One man heard what he thought were firecrackers, then turned and saw two men firing automatic weapons.

"We all laid on the ground," he told French reporters later. "There was panic, screams. We ran and hid in a staircase. Someone was trying to get in. We managed to get onto the roof."

The apartment building next to Bataclan had windows at rooftop level. A man opened one and the escapees climbed in.

"We stayed the whole time at his place, in the dark," the survivor recounted. "We could hear explosions, gunshots, screams -- but we didn't know what was going on."

Across town, a capacity crowd watching the France-Germany soccer match had no idea what was going on either -- not even when an explosion was heard.

The French president was evacuated, but the game went on. It was a suicide bomber outside the stadium, and again, a miraculous escape.
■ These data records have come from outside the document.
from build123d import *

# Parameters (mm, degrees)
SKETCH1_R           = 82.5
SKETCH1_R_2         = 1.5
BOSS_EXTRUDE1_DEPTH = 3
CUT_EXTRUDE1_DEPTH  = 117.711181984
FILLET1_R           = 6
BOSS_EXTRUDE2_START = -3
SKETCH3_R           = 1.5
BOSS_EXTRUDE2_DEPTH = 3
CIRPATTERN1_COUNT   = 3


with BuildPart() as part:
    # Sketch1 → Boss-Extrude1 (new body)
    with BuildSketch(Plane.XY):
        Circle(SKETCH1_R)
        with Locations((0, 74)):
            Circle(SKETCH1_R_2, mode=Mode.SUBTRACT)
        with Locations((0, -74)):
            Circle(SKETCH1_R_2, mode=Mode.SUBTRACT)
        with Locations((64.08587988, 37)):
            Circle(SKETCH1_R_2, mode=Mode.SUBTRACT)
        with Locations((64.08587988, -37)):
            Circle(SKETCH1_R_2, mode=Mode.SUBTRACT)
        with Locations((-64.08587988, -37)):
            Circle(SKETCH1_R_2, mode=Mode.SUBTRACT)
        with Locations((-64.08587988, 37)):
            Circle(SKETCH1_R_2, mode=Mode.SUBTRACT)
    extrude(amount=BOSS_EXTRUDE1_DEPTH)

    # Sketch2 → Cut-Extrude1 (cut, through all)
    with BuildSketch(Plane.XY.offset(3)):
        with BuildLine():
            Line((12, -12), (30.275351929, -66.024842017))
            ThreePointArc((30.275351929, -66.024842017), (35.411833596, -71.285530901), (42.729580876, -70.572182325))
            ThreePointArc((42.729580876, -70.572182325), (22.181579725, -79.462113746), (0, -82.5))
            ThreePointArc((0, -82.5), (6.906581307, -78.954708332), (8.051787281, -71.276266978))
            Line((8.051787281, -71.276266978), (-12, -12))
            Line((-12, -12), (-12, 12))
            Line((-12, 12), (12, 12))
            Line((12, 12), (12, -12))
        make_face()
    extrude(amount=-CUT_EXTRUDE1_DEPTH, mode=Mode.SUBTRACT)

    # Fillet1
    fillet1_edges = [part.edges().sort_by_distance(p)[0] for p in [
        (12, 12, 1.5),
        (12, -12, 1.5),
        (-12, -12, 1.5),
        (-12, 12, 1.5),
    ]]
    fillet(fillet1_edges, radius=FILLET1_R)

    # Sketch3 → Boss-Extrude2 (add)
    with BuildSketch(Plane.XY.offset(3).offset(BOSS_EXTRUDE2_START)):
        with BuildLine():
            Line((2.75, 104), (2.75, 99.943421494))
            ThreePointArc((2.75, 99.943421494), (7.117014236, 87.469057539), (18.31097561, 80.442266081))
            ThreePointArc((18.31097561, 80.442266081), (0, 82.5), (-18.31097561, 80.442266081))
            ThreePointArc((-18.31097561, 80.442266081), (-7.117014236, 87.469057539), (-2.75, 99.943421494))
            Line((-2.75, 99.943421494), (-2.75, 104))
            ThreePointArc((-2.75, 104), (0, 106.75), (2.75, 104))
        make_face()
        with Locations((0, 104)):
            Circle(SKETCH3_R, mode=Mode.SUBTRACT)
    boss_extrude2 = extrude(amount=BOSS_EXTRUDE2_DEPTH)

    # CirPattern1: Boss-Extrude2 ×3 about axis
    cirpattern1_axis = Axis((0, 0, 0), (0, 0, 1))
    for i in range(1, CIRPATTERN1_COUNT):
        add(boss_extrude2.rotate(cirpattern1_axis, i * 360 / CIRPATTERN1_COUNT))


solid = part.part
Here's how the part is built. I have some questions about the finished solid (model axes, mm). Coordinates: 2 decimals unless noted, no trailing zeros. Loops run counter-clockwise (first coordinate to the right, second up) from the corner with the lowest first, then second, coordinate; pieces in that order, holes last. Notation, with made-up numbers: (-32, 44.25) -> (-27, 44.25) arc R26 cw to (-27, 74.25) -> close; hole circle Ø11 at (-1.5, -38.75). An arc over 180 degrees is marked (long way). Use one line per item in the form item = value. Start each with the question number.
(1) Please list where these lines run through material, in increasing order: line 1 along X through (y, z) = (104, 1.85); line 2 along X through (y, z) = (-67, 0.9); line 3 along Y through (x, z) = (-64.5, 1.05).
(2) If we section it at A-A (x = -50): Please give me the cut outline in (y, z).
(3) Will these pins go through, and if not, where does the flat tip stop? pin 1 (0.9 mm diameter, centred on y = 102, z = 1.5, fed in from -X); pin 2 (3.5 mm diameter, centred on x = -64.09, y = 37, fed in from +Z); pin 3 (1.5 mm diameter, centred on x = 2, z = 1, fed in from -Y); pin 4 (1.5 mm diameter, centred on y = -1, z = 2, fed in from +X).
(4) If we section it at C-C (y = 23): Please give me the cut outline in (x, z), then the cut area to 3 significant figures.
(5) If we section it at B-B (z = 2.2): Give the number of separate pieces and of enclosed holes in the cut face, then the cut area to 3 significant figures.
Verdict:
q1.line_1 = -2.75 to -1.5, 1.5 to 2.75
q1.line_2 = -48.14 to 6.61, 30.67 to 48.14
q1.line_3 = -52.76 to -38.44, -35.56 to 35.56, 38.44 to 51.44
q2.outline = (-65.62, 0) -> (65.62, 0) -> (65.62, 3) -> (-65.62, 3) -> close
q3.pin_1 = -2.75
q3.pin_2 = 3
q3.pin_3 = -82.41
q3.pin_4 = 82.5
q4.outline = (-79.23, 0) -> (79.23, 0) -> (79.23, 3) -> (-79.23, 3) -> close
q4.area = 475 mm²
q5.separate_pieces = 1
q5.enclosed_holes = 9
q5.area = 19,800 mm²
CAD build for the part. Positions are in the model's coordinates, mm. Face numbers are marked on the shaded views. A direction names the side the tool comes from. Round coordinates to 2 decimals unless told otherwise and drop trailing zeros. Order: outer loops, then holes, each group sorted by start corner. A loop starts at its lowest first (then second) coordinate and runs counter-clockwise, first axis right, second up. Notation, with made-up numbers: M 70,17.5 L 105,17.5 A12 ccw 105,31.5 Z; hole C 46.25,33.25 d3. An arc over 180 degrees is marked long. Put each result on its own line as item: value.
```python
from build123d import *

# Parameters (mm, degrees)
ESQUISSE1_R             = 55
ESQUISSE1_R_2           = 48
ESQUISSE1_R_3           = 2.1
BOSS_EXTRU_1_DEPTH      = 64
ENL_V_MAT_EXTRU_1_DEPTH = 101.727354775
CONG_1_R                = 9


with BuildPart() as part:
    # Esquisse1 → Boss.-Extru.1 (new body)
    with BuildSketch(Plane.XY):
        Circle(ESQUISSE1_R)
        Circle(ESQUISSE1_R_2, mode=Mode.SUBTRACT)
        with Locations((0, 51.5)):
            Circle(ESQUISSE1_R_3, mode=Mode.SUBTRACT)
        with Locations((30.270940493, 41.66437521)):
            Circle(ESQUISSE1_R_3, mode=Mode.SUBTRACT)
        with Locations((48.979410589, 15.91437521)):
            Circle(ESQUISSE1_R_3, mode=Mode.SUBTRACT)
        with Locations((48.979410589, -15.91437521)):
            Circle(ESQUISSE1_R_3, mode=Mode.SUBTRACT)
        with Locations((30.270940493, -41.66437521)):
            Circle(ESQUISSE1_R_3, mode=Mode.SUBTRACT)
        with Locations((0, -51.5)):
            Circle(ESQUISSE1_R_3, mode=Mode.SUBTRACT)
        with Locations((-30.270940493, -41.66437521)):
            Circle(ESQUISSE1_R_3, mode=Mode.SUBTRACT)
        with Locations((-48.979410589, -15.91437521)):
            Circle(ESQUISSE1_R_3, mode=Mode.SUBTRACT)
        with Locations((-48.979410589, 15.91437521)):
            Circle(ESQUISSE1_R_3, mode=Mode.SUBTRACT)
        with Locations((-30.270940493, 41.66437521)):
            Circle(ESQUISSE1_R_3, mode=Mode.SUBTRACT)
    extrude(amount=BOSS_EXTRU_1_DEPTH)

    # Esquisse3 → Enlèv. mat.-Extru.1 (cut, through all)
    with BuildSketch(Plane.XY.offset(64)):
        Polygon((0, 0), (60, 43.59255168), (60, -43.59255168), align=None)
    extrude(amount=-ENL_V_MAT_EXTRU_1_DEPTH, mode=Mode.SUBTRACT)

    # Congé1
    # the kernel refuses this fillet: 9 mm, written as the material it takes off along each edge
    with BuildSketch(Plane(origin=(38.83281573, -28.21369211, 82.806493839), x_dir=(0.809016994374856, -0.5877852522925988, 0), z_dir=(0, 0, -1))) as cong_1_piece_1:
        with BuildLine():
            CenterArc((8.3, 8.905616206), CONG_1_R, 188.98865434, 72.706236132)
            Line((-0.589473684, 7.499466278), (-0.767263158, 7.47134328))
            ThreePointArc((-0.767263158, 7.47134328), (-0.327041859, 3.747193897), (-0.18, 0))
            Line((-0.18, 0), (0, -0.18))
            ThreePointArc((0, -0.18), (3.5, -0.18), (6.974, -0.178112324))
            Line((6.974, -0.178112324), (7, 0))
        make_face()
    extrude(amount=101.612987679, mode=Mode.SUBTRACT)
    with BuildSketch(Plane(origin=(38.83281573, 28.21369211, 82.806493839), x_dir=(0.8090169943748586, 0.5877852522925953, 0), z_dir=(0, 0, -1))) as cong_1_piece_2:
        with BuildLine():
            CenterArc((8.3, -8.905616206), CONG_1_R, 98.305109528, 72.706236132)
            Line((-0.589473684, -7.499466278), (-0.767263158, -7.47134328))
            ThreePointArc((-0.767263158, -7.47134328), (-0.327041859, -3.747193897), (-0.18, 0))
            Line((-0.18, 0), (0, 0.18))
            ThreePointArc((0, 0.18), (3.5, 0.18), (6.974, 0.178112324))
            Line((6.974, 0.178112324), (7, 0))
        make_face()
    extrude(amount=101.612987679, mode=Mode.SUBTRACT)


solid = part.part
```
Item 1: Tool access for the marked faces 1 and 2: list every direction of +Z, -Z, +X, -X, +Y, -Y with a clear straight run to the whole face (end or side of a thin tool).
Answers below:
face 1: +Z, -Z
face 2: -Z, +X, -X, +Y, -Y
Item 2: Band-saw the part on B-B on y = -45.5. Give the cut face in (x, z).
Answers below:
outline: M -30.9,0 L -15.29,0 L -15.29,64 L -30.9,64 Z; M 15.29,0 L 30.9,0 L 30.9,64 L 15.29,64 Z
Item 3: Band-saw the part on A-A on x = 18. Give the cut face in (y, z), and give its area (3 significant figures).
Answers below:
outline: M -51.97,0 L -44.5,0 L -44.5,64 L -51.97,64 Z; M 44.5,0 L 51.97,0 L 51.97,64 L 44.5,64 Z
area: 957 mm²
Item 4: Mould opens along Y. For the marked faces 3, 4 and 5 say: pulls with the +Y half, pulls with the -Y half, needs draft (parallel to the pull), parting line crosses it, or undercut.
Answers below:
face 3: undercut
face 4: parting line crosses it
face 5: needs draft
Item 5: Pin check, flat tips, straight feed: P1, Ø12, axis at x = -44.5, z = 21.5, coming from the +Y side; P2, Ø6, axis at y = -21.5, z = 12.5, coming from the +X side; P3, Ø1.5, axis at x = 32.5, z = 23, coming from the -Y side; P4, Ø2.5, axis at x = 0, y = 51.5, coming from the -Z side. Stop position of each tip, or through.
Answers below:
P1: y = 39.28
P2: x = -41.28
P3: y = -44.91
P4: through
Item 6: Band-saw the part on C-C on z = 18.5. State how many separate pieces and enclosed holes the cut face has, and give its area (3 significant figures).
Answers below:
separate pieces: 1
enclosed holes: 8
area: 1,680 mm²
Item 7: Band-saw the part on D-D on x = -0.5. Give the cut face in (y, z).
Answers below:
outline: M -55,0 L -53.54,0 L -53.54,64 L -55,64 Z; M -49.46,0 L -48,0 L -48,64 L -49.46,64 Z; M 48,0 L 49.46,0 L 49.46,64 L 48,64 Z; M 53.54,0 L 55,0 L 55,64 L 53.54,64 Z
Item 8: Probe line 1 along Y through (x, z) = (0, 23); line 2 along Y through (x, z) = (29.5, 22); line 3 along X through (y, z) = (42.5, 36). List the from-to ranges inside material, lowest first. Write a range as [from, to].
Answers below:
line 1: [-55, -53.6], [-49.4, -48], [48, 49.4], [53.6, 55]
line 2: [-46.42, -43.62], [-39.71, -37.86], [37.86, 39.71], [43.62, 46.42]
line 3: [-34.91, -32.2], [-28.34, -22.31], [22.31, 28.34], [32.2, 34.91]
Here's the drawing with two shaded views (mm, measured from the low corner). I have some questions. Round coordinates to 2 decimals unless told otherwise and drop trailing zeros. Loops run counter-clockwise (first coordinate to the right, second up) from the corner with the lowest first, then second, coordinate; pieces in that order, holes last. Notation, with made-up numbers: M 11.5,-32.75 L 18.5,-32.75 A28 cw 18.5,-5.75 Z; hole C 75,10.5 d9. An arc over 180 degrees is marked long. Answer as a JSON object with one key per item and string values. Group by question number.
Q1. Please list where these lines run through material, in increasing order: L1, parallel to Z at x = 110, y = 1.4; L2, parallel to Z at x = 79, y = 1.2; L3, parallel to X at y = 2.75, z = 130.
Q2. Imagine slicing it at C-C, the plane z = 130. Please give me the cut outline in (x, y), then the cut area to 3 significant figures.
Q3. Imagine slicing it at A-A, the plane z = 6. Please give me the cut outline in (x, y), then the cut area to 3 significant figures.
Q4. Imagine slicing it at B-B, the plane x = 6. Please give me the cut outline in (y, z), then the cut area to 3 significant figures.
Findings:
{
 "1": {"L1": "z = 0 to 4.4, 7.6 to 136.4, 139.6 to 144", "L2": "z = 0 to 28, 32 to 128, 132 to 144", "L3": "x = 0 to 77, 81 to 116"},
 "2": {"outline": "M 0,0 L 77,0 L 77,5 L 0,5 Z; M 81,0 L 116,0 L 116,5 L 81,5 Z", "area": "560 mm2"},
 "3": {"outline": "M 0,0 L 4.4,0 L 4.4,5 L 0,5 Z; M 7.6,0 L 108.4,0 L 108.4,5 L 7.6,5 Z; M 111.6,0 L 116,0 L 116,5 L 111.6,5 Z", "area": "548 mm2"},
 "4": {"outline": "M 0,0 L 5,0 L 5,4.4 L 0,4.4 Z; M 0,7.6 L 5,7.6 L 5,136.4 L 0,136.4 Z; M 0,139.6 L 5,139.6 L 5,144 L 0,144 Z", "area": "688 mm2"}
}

"It just exploded in front of me," a man who was crossing the street later said. "Everything went to pieces."

And one of those pieces of shrapnel hit his phone.

"The phone saved me," he said.

That same soccer game saved Tunisian-born surgeon Bernabed Moncef. When gunmen attacked the restaurant area where he normally hangs out on Friday nights, he was watching the game on TV.

"I saw all these men running in all directions," Moncef told CBS News. "People just in front here, under the table, and people shoot ... and it's horrible. It's like war. What crazy?"

It's a question that has no answer - no more than why some were saved and others were not.

Some of the victims are still not identified so the social network equivalent of the 9/11 wall of the missing is Twitter, with the hash tag #SearchingParis.

There were green "I am safe" ticks but a man named Joe wrote, "My girlfriend was at the concert. I was supposed to get engaged with her. I don't know if I will see her again."

Many more were along the lines of one in English: "I am trying to locate my cousin Callum Hamish MacDonald."

The eternal hope that resilience and tenacity for life will triumph.